—Dünden Devam—
Yunanistan’da son 25-30 yılda Avrupaî pahalılıkta bir hayat tarzına teşvik edilen bir toplum üretilmeye çalışılsa da ekonomik çarklar ve sistemler köklü Avrupa ülkeleri kadar güçlü olmadığından bu sistem dahi işe yaramamıştır.
Bu tablo aslında Türkiye için de mühim bir örneklik teşkil etmektedir. Ekonomimizin güçlü Avrupa ülkeleri kadar sağlam temellere dayanmadığı, üretim ve sanayi sistemlerimizin onlar kadar güçlü olmadığını düşünecek olursak, zaruretlerin haricinde bize dayatılan lüks hayata olan meylimizi bir kez daha sorgulamamız gerektiği ortaya çıkmaktadır. Nitekim Türkiye’de işsizlik Yunanistan’da olandan daha fazla, fakirlik ve millî gelir rakamları ise neredeyse yarı yarıya oranından daha kötü durumdadır.

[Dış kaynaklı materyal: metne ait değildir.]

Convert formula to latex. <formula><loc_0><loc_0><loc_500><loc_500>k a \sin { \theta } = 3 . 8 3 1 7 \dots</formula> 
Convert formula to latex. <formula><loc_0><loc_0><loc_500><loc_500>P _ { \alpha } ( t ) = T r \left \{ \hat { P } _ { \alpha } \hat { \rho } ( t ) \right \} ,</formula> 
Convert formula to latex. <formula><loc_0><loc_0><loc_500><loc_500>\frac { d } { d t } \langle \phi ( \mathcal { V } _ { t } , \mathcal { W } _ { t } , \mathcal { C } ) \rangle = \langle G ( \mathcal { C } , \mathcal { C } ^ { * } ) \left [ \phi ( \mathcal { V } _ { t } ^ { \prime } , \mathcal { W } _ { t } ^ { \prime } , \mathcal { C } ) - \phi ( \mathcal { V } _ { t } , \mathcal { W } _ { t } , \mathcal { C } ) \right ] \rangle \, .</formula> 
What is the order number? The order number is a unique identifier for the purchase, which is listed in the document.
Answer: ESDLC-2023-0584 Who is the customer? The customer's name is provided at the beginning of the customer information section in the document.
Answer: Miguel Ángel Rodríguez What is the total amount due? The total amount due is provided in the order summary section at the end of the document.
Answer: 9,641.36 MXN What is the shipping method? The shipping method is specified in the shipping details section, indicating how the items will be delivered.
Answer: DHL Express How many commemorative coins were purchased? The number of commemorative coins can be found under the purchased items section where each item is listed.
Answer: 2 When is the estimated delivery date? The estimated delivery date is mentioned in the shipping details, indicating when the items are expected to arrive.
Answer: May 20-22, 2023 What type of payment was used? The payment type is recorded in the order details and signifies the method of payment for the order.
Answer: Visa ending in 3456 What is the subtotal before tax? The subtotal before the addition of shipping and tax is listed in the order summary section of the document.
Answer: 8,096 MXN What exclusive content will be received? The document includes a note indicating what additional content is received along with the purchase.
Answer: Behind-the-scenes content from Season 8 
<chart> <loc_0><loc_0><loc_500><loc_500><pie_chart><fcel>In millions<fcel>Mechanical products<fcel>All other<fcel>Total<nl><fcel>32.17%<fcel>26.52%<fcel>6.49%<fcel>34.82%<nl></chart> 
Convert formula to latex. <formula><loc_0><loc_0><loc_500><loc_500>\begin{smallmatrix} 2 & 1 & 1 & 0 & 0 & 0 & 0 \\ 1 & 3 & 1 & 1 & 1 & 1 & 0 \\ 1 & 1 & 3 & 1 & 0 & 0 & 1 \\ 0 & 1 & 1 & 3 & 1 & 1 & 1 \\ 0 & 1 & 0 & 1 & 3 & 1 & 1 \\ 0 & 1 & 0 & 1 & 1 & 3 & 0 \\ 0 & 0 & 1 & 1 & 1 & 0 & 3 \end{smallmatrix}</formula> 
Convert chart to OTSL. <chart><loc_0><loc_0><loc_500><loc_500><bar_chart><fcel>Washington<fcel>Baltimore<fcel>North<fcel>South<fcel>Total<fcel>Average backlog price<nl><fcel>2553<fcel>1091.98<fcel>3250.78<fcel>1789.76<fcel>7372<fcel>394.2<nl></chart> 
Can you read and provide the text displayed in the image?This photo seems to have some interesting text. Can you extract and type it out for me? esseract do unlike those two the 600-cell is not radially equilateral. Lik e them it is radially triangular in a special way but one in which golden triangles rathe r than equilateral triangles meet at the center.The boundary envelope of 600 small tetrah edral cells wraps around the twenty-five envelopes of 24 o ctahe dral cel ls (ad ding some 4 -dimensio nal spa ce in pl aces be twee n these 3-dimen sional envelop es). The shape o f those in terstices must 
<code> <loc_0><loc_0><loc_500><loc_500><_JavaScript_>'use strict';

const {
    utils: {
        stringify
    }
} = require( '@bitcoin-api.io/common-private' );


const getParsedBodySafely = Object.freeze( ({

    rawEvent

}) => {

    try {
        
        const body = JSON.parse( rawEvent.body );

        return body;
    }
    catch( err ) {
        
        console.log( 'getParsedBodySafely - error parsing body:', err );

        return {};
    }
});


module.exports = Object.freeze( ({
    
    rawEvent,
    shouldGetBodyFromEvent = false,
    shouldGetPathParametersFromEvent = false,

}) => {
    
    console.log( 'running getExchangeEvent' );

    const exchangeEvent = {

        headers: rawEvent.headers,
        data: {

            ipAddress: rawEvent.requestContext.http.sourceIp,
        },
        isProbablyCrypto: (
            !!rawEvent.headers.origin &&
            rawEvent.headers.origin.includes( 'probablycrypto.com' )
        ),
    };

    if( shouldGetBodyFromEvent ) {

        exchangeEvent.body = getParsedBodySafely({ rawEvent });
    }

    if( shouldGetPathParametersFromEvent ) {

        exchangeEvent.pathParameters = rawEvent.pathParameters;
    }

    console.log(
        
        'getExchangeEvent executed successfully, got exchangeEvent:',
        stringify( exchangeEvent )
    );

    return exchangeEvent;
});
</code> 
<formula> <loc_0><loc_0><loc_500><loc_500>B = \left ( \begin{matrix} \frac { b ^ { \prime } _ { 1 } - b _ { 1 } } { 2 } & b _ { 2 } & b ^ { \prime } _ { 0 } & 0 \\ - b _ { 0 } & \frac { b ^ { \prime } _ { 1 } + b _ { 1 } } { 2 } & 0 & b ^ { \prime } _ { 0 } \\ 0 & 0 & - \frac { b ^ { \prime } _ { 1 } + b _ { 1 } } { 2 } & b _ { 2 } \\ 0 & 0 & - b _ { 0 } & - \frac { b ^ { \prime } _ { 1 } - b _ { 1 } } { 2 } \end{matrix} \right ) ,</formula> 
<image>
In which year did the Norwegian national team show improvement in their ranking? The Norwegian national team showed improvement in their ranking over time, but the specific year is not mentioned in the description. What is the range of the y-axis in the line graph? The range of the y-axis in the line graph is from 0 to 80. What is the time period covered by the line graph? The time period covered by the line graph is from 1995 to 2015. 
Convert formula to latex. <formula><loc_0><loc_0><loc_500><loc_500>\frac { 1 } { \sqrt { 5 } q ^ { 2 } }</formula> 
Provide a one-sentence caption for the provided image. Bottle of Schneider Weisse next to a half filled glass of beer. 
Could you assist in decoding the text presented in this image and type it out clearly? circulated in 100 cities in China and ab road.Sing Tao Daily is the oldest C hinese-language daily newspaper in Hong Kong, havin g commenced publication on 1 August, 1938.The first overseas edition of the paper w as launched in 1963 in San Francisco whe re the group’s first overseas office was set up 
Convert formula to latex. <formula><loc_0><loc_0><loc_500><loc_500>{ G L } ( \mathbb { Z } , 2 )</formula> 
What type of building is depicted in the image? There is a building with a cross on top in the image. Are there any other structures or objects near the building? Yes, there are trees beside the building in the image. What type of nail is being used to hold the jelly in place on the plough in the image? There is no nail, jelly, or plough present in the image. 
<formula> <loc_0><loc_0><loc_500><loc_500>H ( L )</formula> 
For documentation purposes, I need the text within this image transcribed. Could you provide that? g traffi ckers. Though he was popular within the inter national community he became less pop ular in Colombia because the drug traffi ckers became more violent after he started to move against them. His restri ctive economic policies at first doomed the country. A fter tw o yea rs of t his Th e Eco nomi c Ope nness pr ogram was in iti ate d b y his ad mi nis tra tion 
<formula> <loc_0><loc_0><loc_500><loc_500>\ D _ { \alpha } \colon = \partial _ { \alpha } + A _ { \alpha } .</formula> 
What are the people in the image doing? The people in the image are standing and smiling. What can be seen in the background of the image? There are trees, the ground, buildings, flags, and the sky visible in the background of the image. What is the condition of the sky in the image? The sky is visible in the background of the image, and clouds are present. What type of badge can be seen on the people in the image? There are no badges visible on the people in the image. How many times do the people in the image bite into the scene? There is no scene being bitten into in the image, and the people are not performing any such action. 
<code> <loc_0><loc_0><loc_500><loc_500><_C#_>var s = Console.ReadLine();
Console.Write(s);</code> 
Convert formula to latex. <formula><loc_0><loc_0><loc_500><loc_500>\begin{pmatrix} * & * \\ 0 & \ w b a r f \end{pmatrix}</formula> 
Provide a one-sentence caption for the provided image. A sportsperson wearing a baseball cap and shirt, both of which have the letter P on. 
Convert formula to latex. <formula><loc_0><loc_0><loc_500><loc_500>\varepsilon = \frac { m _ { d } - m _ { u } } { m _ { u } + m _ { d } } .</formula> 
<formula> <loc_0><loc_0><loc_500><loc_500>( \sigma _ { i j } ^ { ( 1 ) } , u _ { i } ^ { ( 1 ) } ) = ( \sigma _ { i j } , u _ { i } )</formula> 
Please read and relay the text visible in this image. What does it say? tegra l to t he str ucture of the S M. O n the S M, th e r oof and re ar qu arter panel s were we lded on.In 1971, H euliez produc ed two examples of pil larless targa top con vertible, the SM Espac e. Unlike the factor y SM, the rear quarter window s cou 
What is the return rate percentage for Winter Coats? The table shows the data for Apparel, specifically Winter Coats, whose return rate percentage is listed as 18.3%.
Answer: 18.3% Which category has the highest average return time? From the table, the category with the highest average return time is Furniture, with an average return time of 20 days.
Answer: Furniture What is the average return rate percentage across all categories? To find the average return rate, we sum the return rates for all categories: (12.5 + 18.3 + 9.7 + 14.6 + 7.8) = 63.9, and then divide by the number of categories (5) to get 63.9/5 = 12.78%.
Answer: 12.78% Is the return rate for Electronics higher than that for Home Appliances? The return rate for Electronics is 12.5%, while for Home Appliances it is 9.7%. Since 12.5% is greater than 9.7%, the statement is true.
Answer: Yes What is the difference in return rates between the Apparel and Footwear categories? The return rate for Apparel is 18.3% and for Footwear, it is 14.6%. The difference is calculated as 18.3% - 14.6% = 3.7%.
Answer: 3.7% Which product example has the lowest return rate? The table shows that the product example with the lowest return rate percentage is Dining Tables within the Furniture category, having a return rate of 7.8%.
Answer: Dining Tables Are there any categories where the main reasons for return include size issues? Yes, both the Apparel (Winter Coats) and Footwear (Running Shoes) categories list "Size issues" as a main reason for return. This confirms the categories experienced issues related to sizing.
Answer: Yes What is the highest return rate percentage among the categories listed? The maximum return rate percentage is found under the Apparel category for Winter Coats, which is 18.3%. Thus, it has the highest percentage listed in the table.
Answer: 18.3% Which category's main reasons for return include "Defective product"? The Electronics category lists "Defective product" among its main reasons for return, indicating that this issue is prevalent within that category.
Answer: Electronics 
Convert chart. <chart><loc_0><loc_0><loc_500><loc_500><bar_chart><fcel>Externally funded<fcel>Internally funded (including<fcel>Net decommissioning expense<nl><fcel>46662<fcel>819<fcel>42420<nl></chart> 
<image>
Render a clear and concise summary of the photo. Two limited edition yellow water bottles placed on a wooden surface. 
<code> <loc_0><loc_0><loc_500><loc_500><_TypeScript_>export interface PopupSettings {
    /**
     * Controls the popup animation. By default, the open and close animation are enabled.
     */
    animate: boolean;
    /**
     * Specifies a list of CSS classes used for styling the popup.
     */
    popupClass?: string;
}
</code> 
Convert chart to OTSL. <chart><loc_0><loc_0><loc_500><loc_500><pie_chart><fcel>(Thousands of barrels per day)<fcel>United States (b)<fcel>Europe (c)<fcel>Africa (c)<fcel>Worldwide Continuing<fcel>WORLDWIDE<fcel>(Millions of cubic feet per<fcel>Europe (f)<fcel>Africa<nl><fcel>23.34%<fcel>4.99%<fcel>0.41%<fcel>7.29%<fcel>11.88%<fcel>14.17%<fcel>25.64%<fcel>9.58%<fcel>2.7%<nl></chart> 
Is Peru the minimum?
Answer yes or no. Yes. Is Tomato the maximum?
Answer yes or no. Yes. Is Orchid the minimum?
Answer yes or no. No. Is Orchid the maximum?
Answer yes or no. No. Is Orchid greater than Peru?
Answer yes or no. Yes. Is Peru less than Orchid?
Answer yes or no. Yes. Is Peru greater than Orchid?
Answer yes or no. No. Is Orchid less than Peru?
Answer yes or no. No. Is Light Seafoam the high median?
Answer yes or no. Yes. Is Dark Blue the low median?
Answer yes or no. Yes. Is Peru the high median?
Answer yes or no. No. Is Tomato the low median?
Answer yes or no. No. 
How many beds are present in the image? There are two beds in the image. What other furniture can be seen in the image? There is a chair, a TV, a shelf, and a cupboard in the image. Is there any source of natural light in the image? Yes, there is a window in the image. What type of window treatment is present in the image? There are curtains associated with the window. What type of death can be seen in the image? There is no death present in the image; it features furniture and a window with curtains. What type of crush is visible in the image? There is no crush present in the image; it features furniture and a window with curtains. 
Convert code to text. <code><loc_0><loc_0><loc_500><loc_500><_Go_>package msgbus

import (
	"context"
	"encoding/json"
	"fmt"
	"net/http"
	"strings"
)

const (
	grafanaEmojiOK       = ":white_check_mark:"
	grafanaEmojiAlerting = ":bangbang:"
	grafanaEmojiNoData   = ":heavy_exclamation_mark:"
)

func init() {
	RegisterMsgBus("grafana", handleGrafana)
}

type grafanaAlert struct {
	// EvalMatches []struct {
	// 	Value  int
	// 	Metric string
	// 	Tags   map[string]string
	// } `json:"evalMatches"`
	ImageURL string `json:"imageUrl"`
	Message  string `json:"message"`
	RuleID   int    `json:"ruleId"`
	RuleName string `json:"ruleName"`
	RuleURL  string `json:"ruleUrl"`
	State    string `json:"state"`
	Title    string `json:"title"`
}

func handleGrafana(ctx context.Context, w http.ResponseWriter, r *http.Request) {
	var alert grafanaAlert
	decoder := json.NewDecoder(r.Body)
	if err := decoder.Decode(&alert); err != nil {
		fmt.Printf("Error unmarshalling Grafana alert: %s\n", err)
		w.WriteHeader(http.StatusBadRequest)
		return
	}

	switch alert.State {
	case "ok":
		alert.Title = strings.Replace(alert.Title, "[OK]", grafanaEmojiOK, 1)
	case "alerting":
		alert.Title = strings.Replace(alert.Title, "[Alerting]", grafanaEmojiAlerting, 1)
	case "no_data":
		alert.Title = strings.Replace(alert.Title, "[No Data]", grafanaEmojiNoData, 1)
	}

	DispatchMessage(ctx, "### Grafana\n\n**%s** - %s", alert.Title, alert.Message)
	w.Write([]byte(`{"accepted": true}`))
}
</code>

Üstelik Yunanistan’da asgarî ücret, 650 Euro civarında iken Türkiye’de bu rakam hâlâ 300 Euro seviyelerinde sürünmektedir.
BİZE DE DERS OLMALI
70 milyonluk nüfusumuzu da bu ülkeyle kıyaslayacak olursak gençlik hareketlerine ve isyanlarına daha münasip bir buhran içinde olduğumuzu söyleyebiliriz. Lâkin Yunanistan’daki gençlik hareketleri ve anarşik faaliyetler Türkiye’dekinden daha organizedir. Zira orada cunta yönetimlerine karşı isyan etmiş bir halk kültürü mevcuttur. Bizde ise defalarca darbe ile devrilen demokrasimizi savunmak için bir avuç insan bile sokaklara dökülmemiştir. Yunanistan’da polis kurşunu ile bir gencin öldürülmesinin protesto edilmesi halk tarafından da desteklenir, ancak Türkiye’de son 20 yılda onlarca insanın şaibeli ve şüpheli bir şekilde öldürülmesi, faili meçhullere kurban edilmesi normal karşılanır. Hatta “kurşun atan da yiyen de” kahraman ilân edilir, göklere çıkarılır. Bugün Yunanistan’da sadece örgütlenmiş Anarşist sayısı 6 bin 7 bin civarındadır. Bunlara diğer sol görüşlü örgütlenmeleri de ekleyecek olursanız ve bunu Türkiye’nin nüfus farkıyla da kıyaslayacak olursanız anarşik sol cereyanların bu ülkede çok daha fazla üst düzeyde geliştiğini rahatlıkla görebilirsiniz.
GENÇLERİN ÖFKESİ BÜYÜK
Yunanistan’da geçirdiğimiz iki haftaya yakın sürede vitrin camları ve sokaklardaki izlerden yaşanan olayların büyüklüğünü ve gençlerin öfkesini daha yakından hissetme fırsatı yakaladık. Her ne kadar kırılan camların bir çoğu yenileriyle değiştirilmişse ve ortalık yeniden tüketim cennetine çevrilmek istenilse de izler öyle kolay silinemiyor. Bir çok duvarda yazılar, bir çok binalarda da yangınlardan kalma isler hâlâ durmaktadır. Hatta bazı heykellerin yüzleri protestocular tarafından yakılarak, islerle karaya bulanmış vaziyettedir. Yunanistan’ın başşehri Atina’yı bilenler bilir… Her tarafı kafeler, barlar ve eğlence mekânları ile doludur. Şehir bu görünümü ile aslında sürüklendiği ekonomik çıkmazların göstergesi durumundadır. Bugün Türkiye’de de her tarafta birer abide gibi devasa alış veriş merkezlerinin yükseliyor olması, büyük ölçekte global markaların her yerde karşımıza çıkmaları korkutucudur.
EĞİTİM SİSTEMİ KÖTÜ
Yunanistan’da sohbet etme fırsatı bulduğumuz üniversite öğrencilerinden bazıları ülkedeki eğitim sisteminin de oldukça kötü olduğundan yakınıyorlardı. Eğitim sistemi ve kalitesi diğer Avrupa ülkelerine kıyasla bizim ülkemizde “batı ile doğu illeri” arasındaki eğitim farkı gibi bir fark olduğu söylenebilir. Sözgelimi Atina Politeknik Üniversitesinde okuyan bir öğrenci eğitim imkânlarının, uygulama alanlarının yetersiz olduğundan ve mezun olanların da ciddî mânâda iş sahaları bulamadıklarından yakınmaktaydı.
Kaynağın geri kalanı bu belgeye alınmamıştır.